In fiction, when a character behaves with such dumb disregard for his/her own safety that readers are forced to conclude they deserve to die, we call them TSTL: Too Stupid To Live.  With Prometheus, Lindelof and Scott have created a brand new, and far more maddening malady for fictional characters to suffer from: SOOTSTLS.

Sudden Onset Of TSTL Syndrome.

SOOTSTLS can strike any character at any time, no matter how rational and intelligent they may have appeared to be previously.  This is especially true when a screenwriter needs something to happen that shouldn’t really be in the script he’s writing at all (see Rule #5 above).

7. Avoid assigning the task of explaining something to your audience to a character who has no reason to understand things any better than your audience does.

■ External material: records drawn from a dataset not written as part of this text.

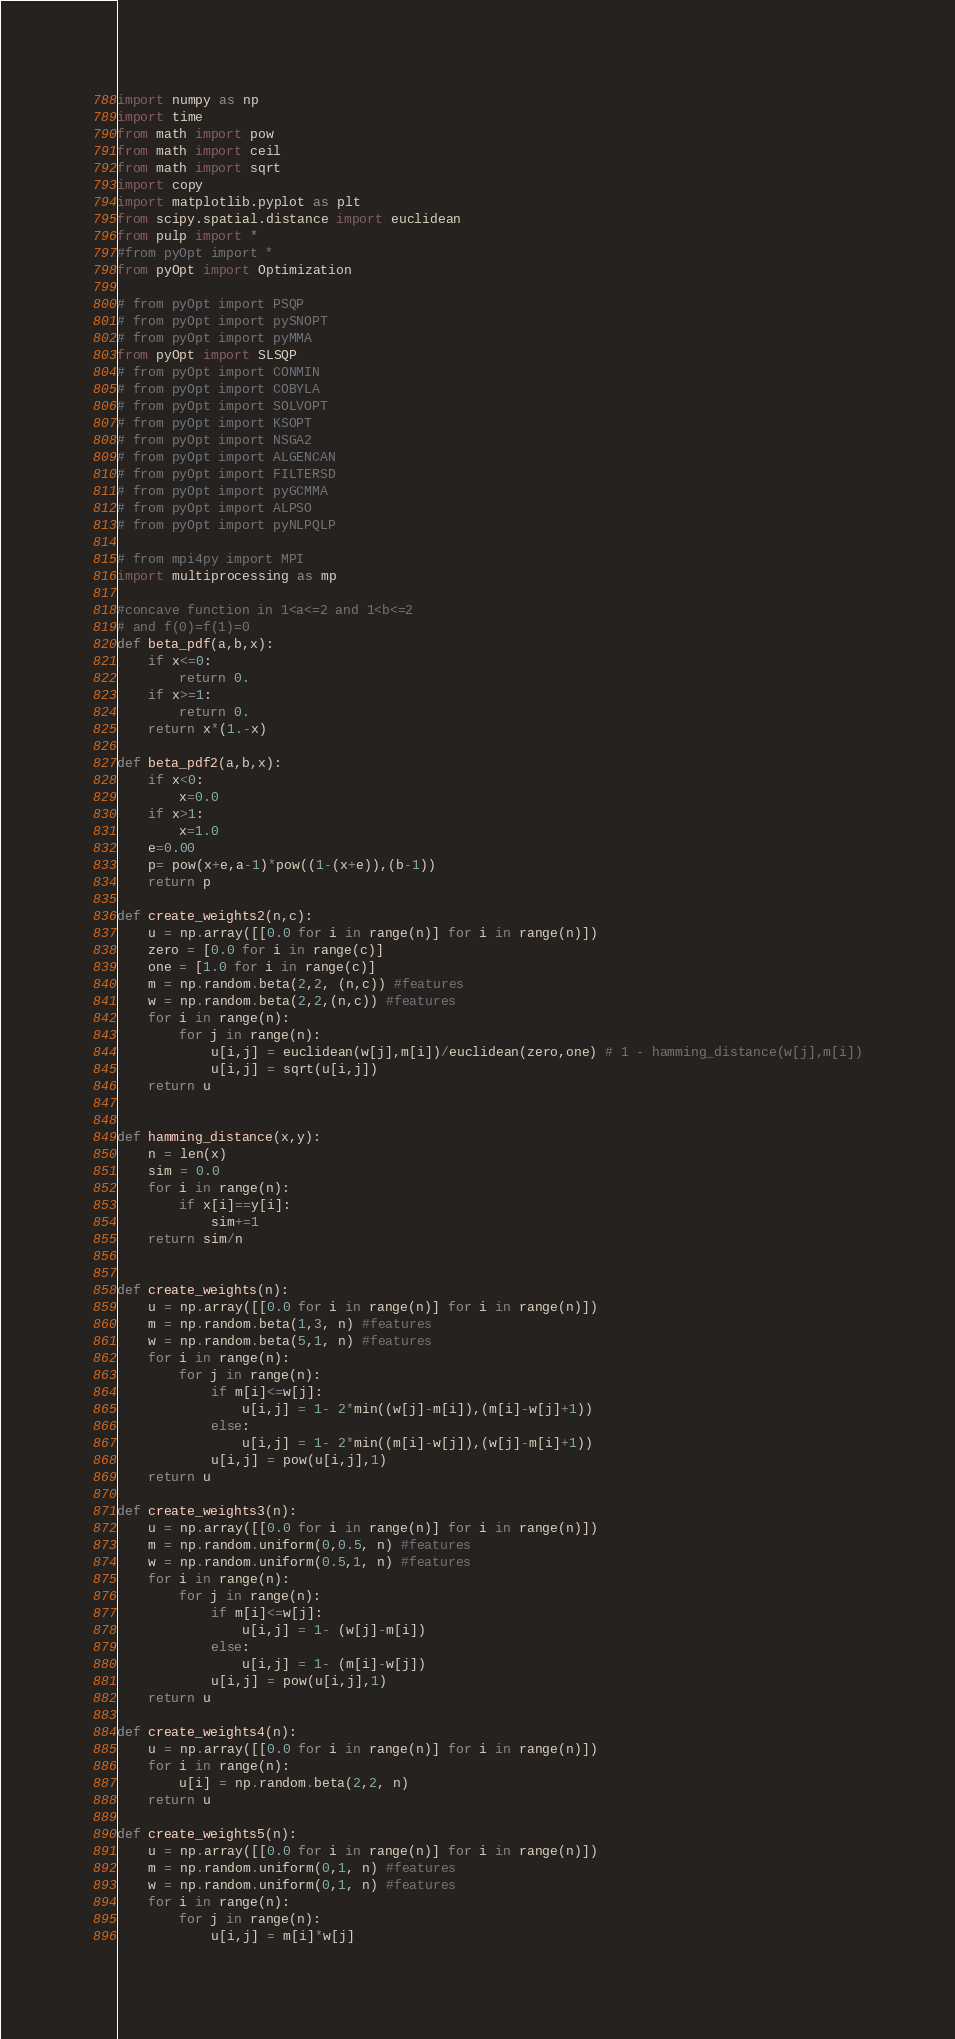Convert code to text. <code><loc_0><loc_0><loc_500><loc_500><_Python_>import numpy as np
import time
from math import pow
from math import ceil
from math import sqrt
import copy
import matplotlib.pyplot as plt
from scipy.spatial.distance import euclidean
from pulp import *
#from pyOpt import *
from pyOpt import Optimization

# from pyOpt import PSQP
# from pyOpt import pySNOPT
# from pyOpt import pyMMA
from pyOpt import SLSQP
# from pyOpt import CONMIN
# from pyOpt import COBYLA
# from pyOpt import SOLVOPT
# from pyOpt import KSOPT
# from pyOpt import NSGA2
# from pyOpt import ALGENCAN
# from pyOpt import FILTERSD
# from pyOpt import pyGCMMA
# from pyOpt import ALPSO
# from pyOpt import pyNLPQLP

# from mpi4py import MPI
import multiprocessing as mp

#concave function in 1<a<=2 and 1<b<=2
# and f(0)=f(1)=0
def beta_pdf(a,b,x):
	if x<=0:
		return 0.
	if x>=1:
		return 0.	
	return x*(1.-x)

def beta_pdf2(a,b,x):
	if x<0:
		x=0.0
	if x>1:
		x=1.0	
	e=0.00
	p= pow(x+e,a-1)*pow((1-(x+e)),(b-1))
	return p

def create_weights2(n,c):
	u = np.array([[0.0 for i in range(n)] for i in range(n)])
	zero = [0.0 for i in range(c)]
	one = [1.0 for i in range(c)]
	m = np.random.beta(2,2, (n,c)) #features
	w = np.random.beta(2,2,(n,c)) #features
	for i in range(n):
		for j in range(n):
			u[i,j] = euclidean(w[j],m[i])/euclidean(zero,one) # 1 - hamming_distance(w[j],m[i])
			u[i,j] = sqrt(u[i,j])
	return u


def hamming_distance(x,y):
	n = len(x)
	sim = 0.0
	for i in range(n):
		if x[i]==y[i]:
			sim+=1
	return sim/n


def create_weights(n):
	u = np.array([[0.0 for i in range(n)] for i in range(n)])
	m = np.random.beta(1,3, n) #features
	w = np.random.beta(5,1, n) #features
	for i in range(n):
		for j in range(n):
			if m[i]<=w[j]:
				u[i,j] = 1- 2*min((w[j]-m[i]),(m[i]-w[j]+1))
			else:
				u[i,j] = 1- 2*min((m[i]-w[j]),(w[j]-m[i]+1))
			u[i,j] = pow(u[i,j],1)
	return u

def create_weights3(n):
	u = np.array([[0.0 for i in range(n)] for i in range(n)])
	m = np.random.uniform(0,0.5, n) #features
	w = np.random.uniform(0.5,1, n) #features
	for i in range(n):
		for j in range(n):
			if m[i]<=w[j]:
				u[i,j] = 1- (w[j]-m[i])
			else:
				u[i,j] = 1- (m[i]-w[j])
			u[i,j] = pow(u[i,j],1)
	return u

def create_weights4(n):
	u = np.array([[0.0 for i in range(n)] for i in range(n)])
	for i in range(n):
		u[i] = np.random.beta(2,2, n)
	return u	

def create_weights5(n):
	u = np.array([[0.0 for i in range(n)] for i in range(n)])
	m = np.random.uniform(0,1, n) #features
	w = np.random.uniform(0,1, n) #features
	for i in range(n):
		for j in range(n):
			u[i,j] = m[i]*w[j]</code> 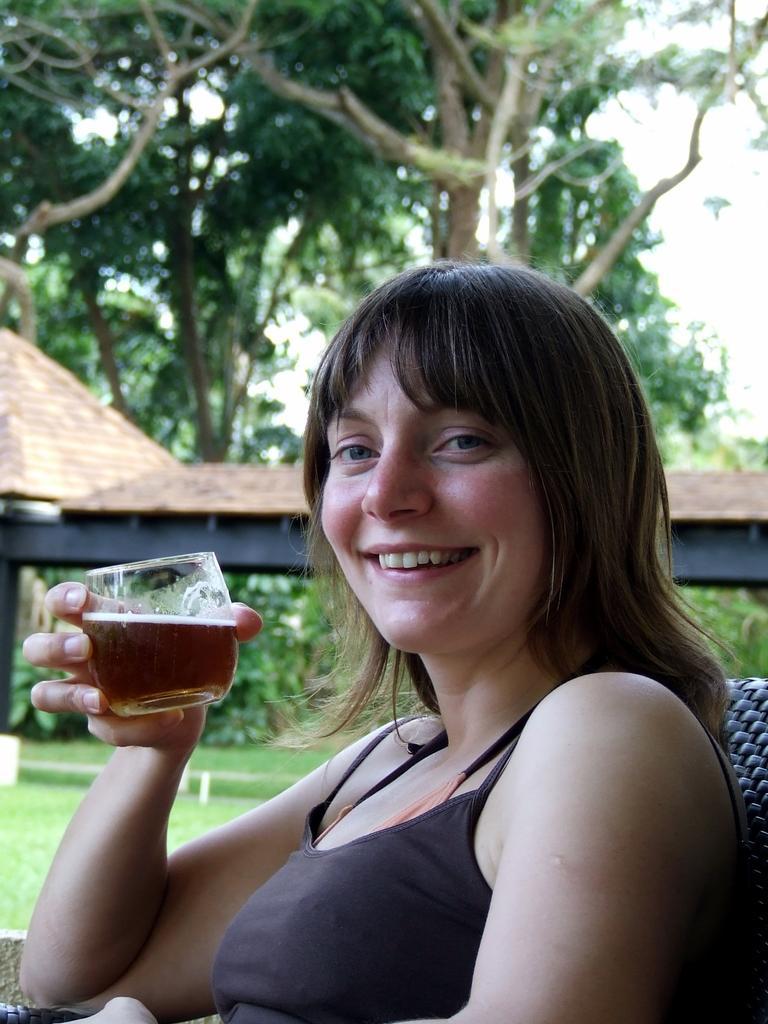Could you give a brief overview of what you see in this image? In this picture we can see woman sitting and holding glass in her hand with drink in it and in background we can see trees, houses, grass. 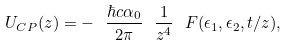Convert formula to latex. <formula><loc_0><loc_0><loc_500><loc_500>U _ { C P } ( z ) = - \ \frac { \hbar { c } \alpha _ { 0 } } { 2 \pi } \ \frac { 1 } { z ^ { 4 } } \ F ( \epsilon _ { 1 } , \epsilon _ { 2 } , t / z ) ,</formula> 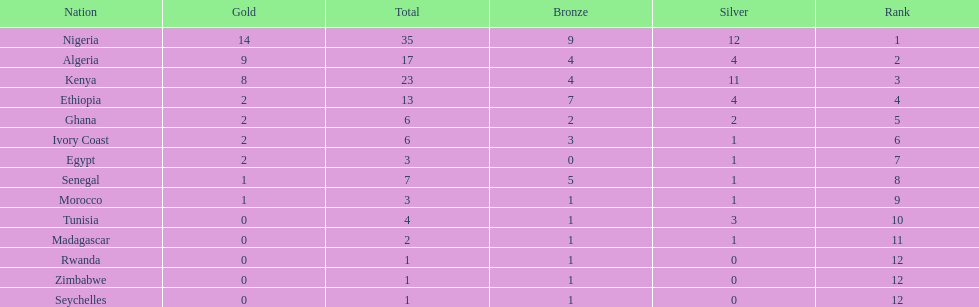What was the total number of medals the ivory coast won? 6. 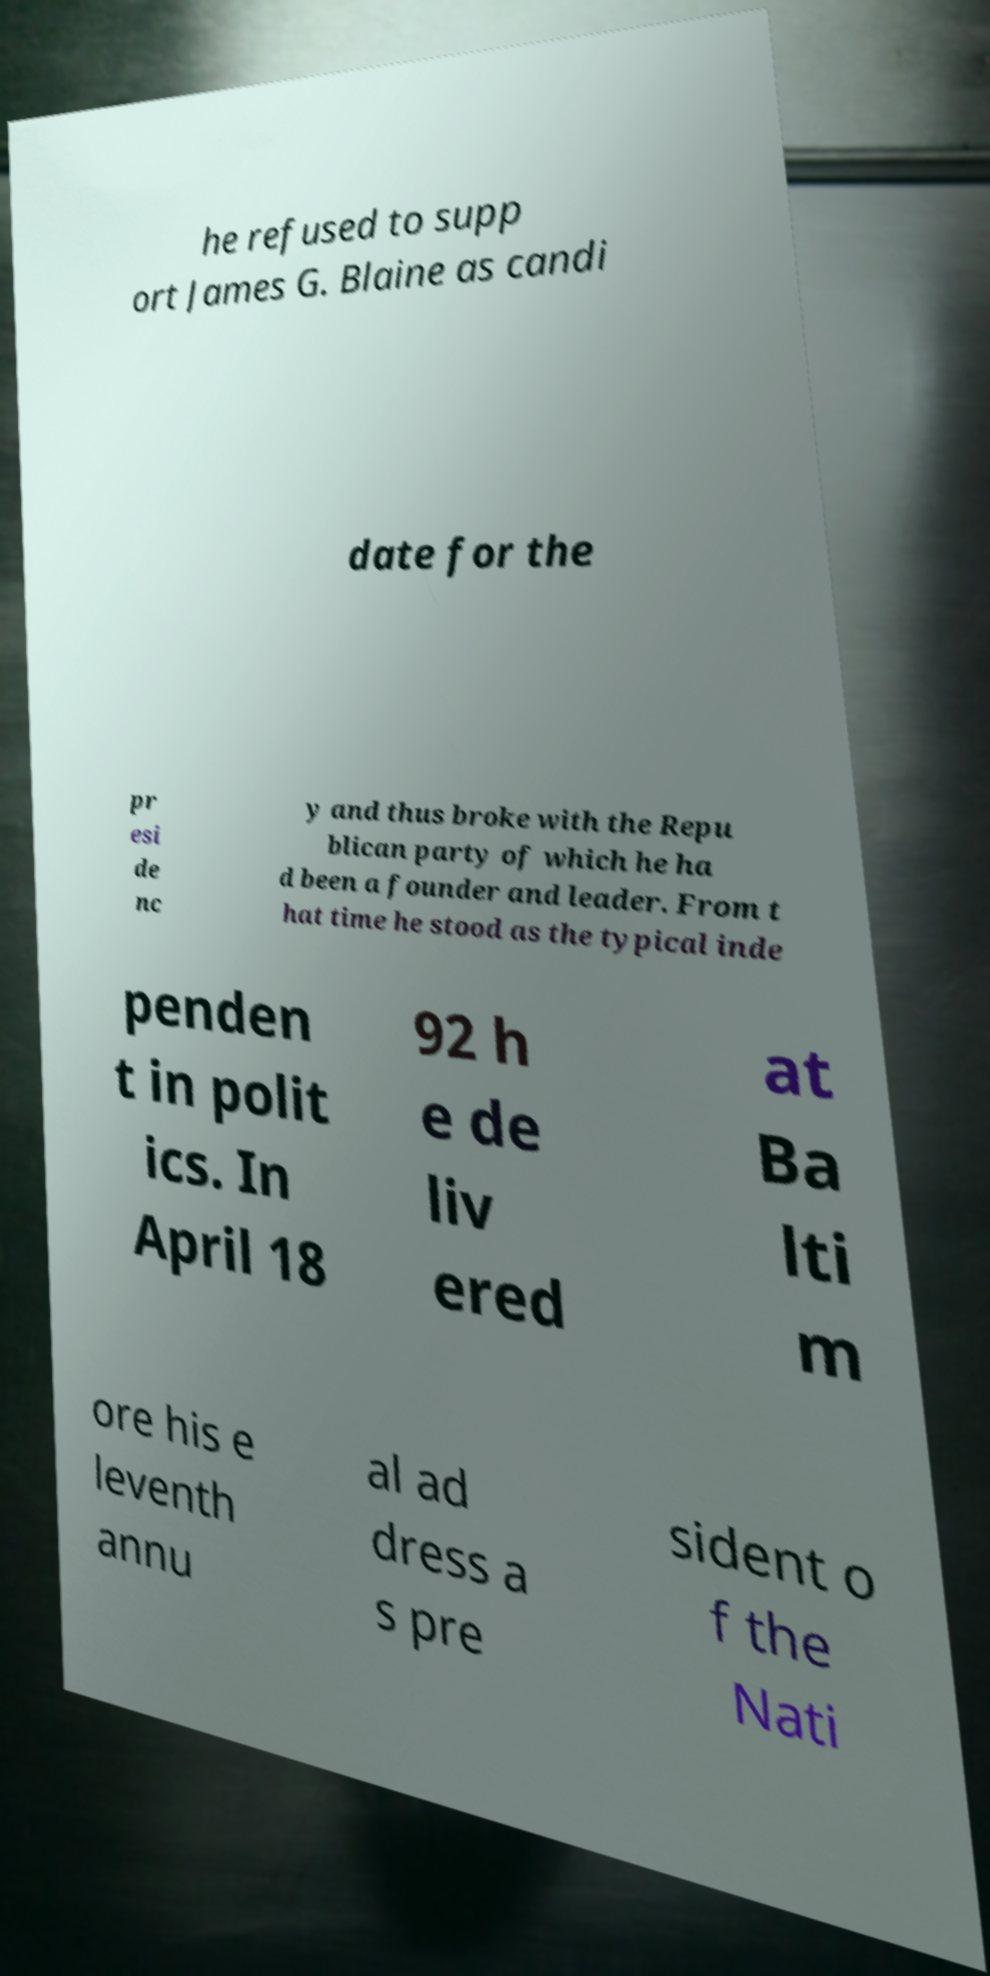For documentation purposes, I need the text within this image transcribed. Could you provide that? he refused to supp ort James G. Blaine as candi date for the pr esi de nc y and thus broke with the Repu blican party of which he ha d been a founder and leader. From t hat time he stood as the typical inde penden t in polit ics. In April 18 92 h e de liv ered at Ba lti m ore his e leventh annu al ad dress a s pre sident o f the Nati 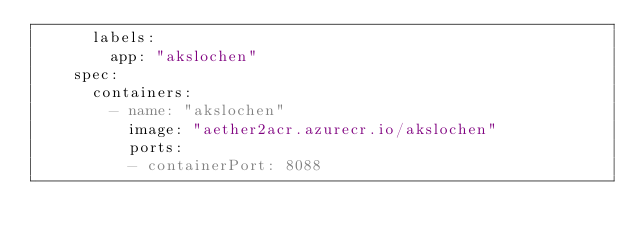Convert code to text. <code><loc_0><loc_0><loc_500><loc_500><_YAML_>      labels:
        app: "akslochen"
    spec:
      containers:
        - name: "akslochen"
          image: "aether2acr.azurecr.io/akslochen"
          ports:
          - containerPort: 8088</code> 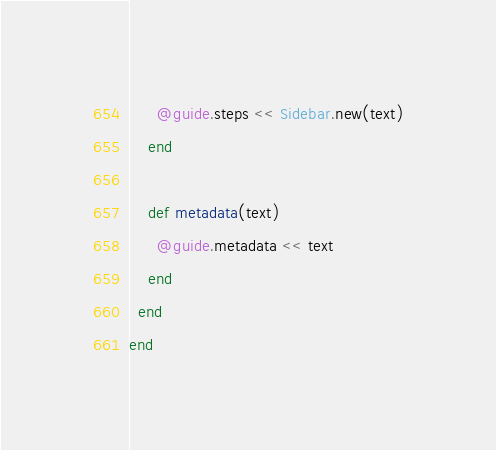Convert code to text. <code><loc_0><loc_0><loc_500><loc_500><_Ruby_>      @guide.steps << Sidebar.new(text)
    end

    def metadata(text)
      @guide.metadata << text
    end
  end
end
</code>

When I said earlier that I had no idea what role Idris Elba’s character was supposed to play in Prometheus (Rule #3 above), that wasn’t exactly true.  Because near the end of the film, this character answers a Key Question the female lead — and every member of the audience — has been wondering about for almost two hours.  Or, I should say, he tries to answer it.  What he says doesn’t make a whole lot of sense.

It’s not the substance of his answer that’s the problem, however.  The problem is that it’s coming from a character who a) should be as ignorant of the subject in conversation as everyone else; and b) has demonstrated, prior to this moment, absolutely no curiosity whatsoever regarding the deep, philosophical mysteries our female protag has been struggling with since Fade In.  This is the guy who understands it all?  The one who’s done little more than exude soul brother cool, scene after scene, while everyone else around him has been ripping their hair out, trying to comprehend what the hell is going on here?

Gimme a break.

Well, I could go on and on.  But I won’t.  You get the idea.  Prometheus sucked, and it didn’t have to.  Given a script equal to its mouthwatering CGI, it could have been terrific.  But its script, instead, was a slapdash affair full of holes and jaw-dropping miscues.  For fans of Alien and Aliens like me, Prometheus represents a missed opportunity of monumental proportions.

That and, on a more personal level, fifteen dollars down the drain.